ME DEBO A MI PUBLICO
Hanglin no está solo y vuelve a la mesa de trabajo que comparte con Florencia Ibáñez (la locutora oficial del programa), Diego Valenzuela (a cargo de los comentarios económicos), Sergio Kanevsky en deportes, José Luis Alvarez Fermosel (“El caballero español”), especializado en generalidades y profundo conocedor de la mente de El macho posmo, su criatura preferida, y el inefable Mario Mactas. Vuelve raudo porque es la hora de “El gato y el zorro”, el espacio de “reflexión y cultura” que comparte con Mactas desde las 11.50 hasta el top de las 12. Allí, los profesores ad hoc improvisan una conversación disparatada y deliciosa sobre temas varios. Expertos en botánica, zoología, medicina y demás ciencias, deliran apenas interrumpidos por las interjecciones y comentarios de la alumna Floppy, bajísimos e ingenuos. El señor de las rutinas tiene la propia y es así: “Llego una hora antes, leo todos los diarios y, a mano en un carpetón grande, escribo mi propio diario. Elijo las noticias del día de cada una de las secciones. Con eso tengo entradas breves para cortar la tanda, informar sobre lo que está pasando o lo que se dijo y entretener a la gente con cosas más insólitas, divertidas. Me gusta meter lo exótico”. Mientras explica su método se escucha un separador muy simpático: una oyente casi fanática equivoca varias veces su nombre: “Rony, querido”, “Lo escucho siempre, Rony”, etc. Pero a Lanny –como quiso decir la señora– no le importa.
¿Qué pasa con los oyentes, que se enamoran del conductor pero no saben su nombre?

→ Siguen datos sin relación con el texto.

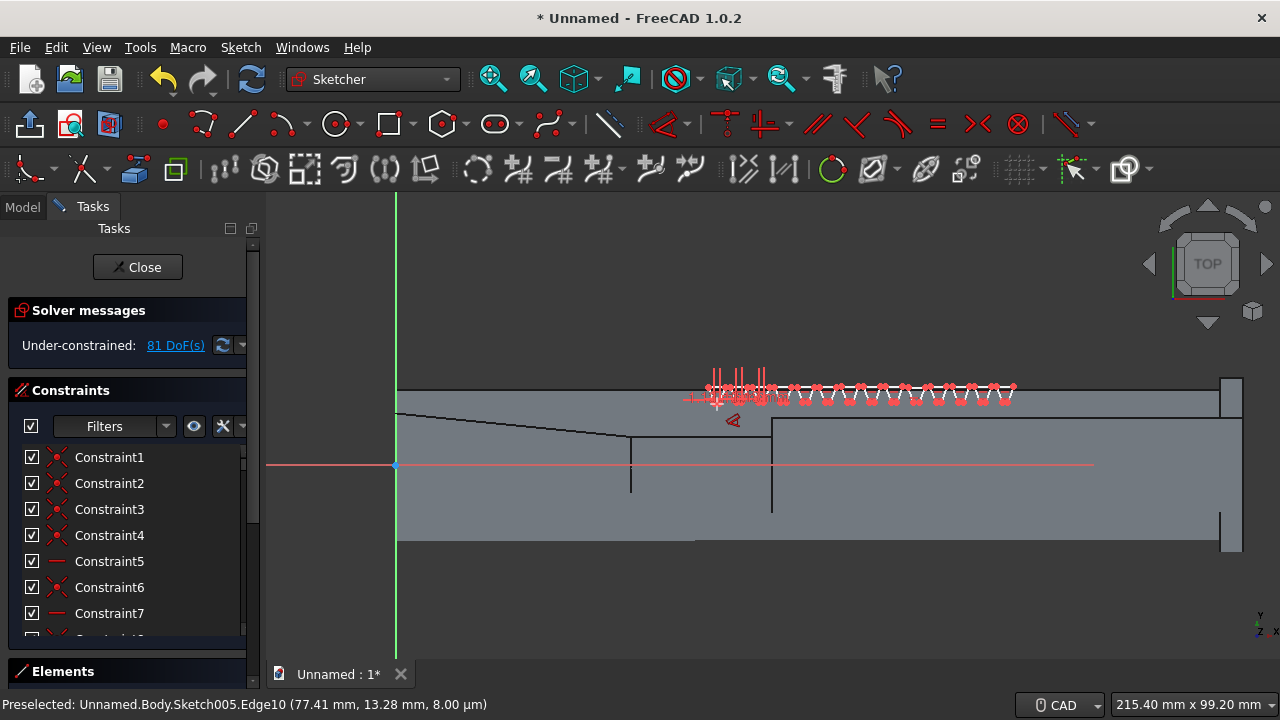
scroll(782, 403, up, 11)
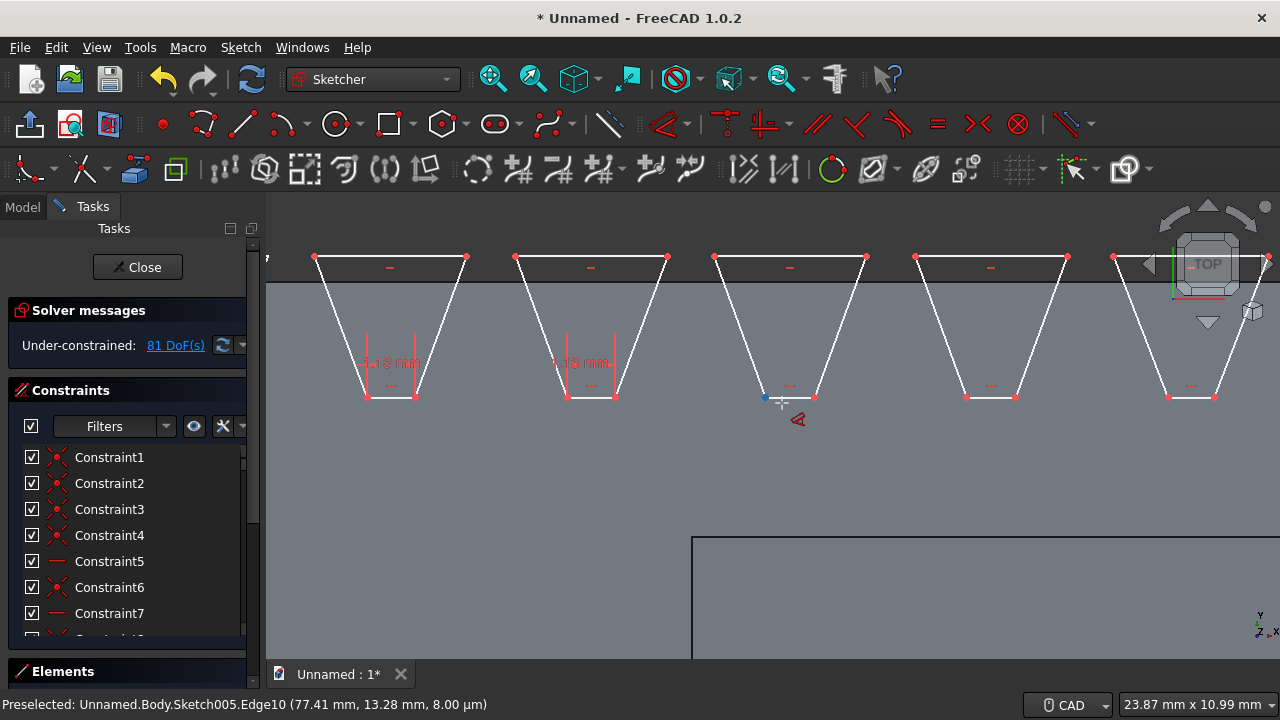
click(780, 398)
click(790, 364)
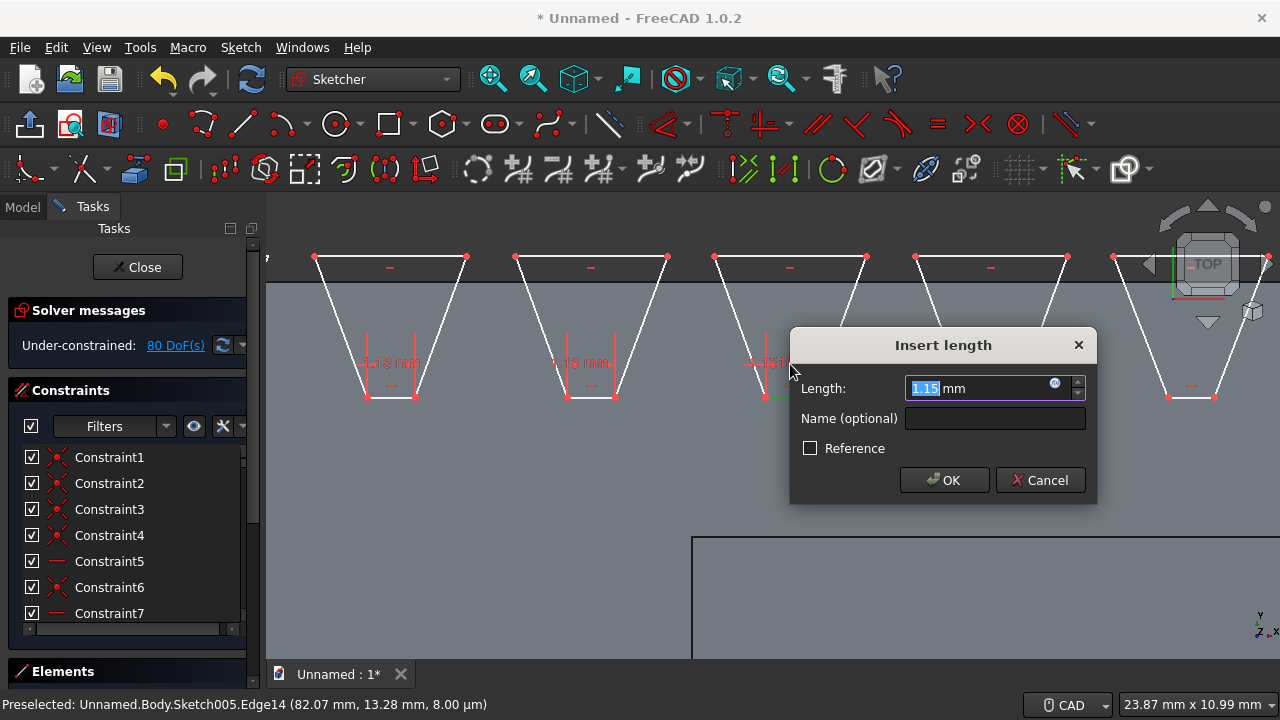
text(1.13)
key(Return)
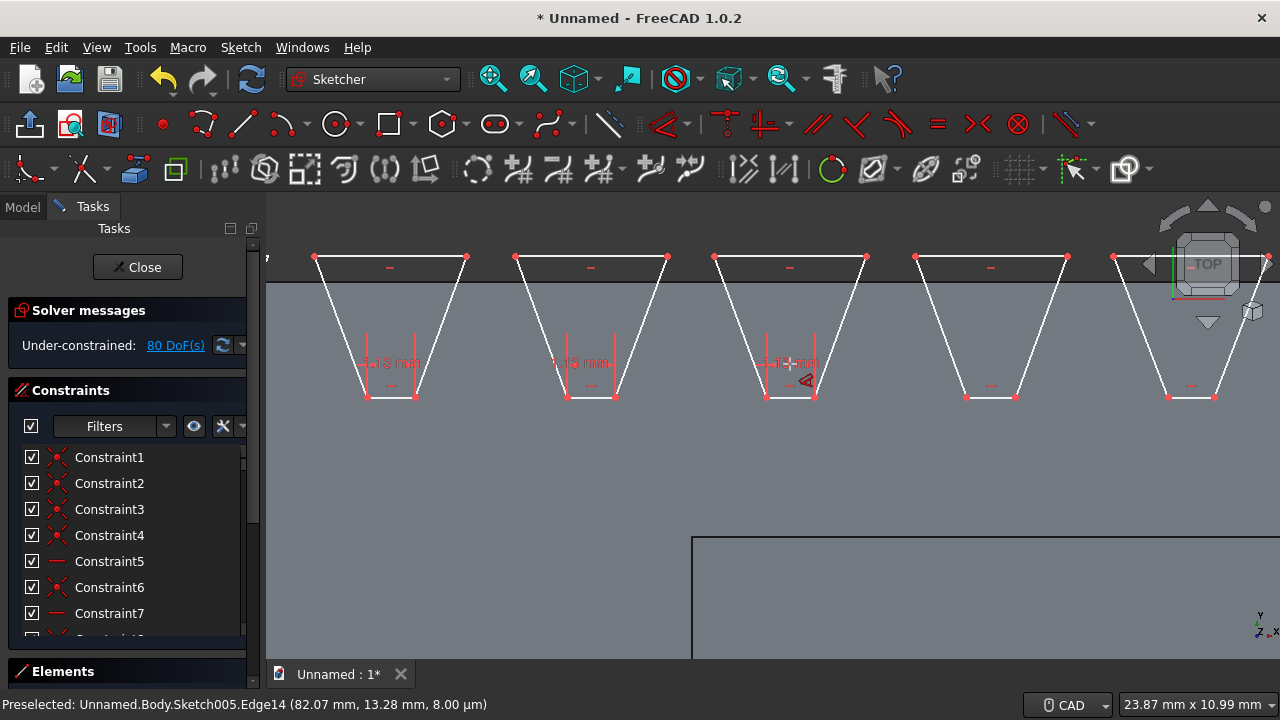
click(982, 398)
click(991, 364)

–Creo que no oyen bien. Yo no abuso del nombre. Soy Rolando y cariñosamente me dicen Lanny. El público no sigue con exactitud lo que se dice en la radio, y no sólo lo que digo yo: hay una relación emocional con un mensaje general, con un tono. Son confusiones que no tienen importancia. Creo que la gente capta grosso modo el mensaje de manera correcta.
¿Cómo es el programa de la noche: “Cartas y encuentros de cualquier tipo”?
–Era una sección del programa de la tarde: creció tanto que se transformó en un programa en sí mismo. Va de lunes a viernes, de 22 a 24, y lo defino como un estallido de libertad. Allí mi función es ponerme al servicio de las personas que buscan a otras para hacer el amor, formar un trío, un grupo de orgía, ir al cine o jugar a la paleta. Y es divertido ver en qué anda la gente.
Como un buen samaritano, Hanglin, además, sigue ofreciendo su saber y su energía en vivo. En el Chacarerean Theatre, domingo de por medio, hace El hippie viejo habla de sexo, un monólogo con intervenciones de Florencia Ibáñez: “Tiene anécdotas y chistes verdes, pero trata de ser profundo y abrir un espacio para hablar sobre sexo. Trata de hacer pensar en el sexo, que es un tema fundamental para todo el mundo pero nunca se habla. Da vergüenza, es inoportuno. En realidad, ¿con quién se puede hablar de sexo? Da calor hacerlo con la mujer o con los amigos. En realidad, no se habla nunca”.
¿Por qué mantiene el contacto con la audiencia hasta cuando se va de vacaciones?
–Para no distanciarme tanto. Como me extrañan, yo les cuento los viajes. Me voy a lugares un poco exóticos porque soy nudista.
¿Cuánto hace?
–Diez años.
¿Qué significa ser nudista, además de andar desnudo?
–Es un modo de estar cómodo. Y una vez que lo conocés, no lo cambiás por nada.

RH Positivo. De lunes a viernes de 9 a 13 por Radio Continental, AM 590.
Cartas y encuentros de cualquier tipo.
De lunes a viernes de 22 a 24 por la
misma emisora. El Chacarerean Theatre está en Nicaragua 5565.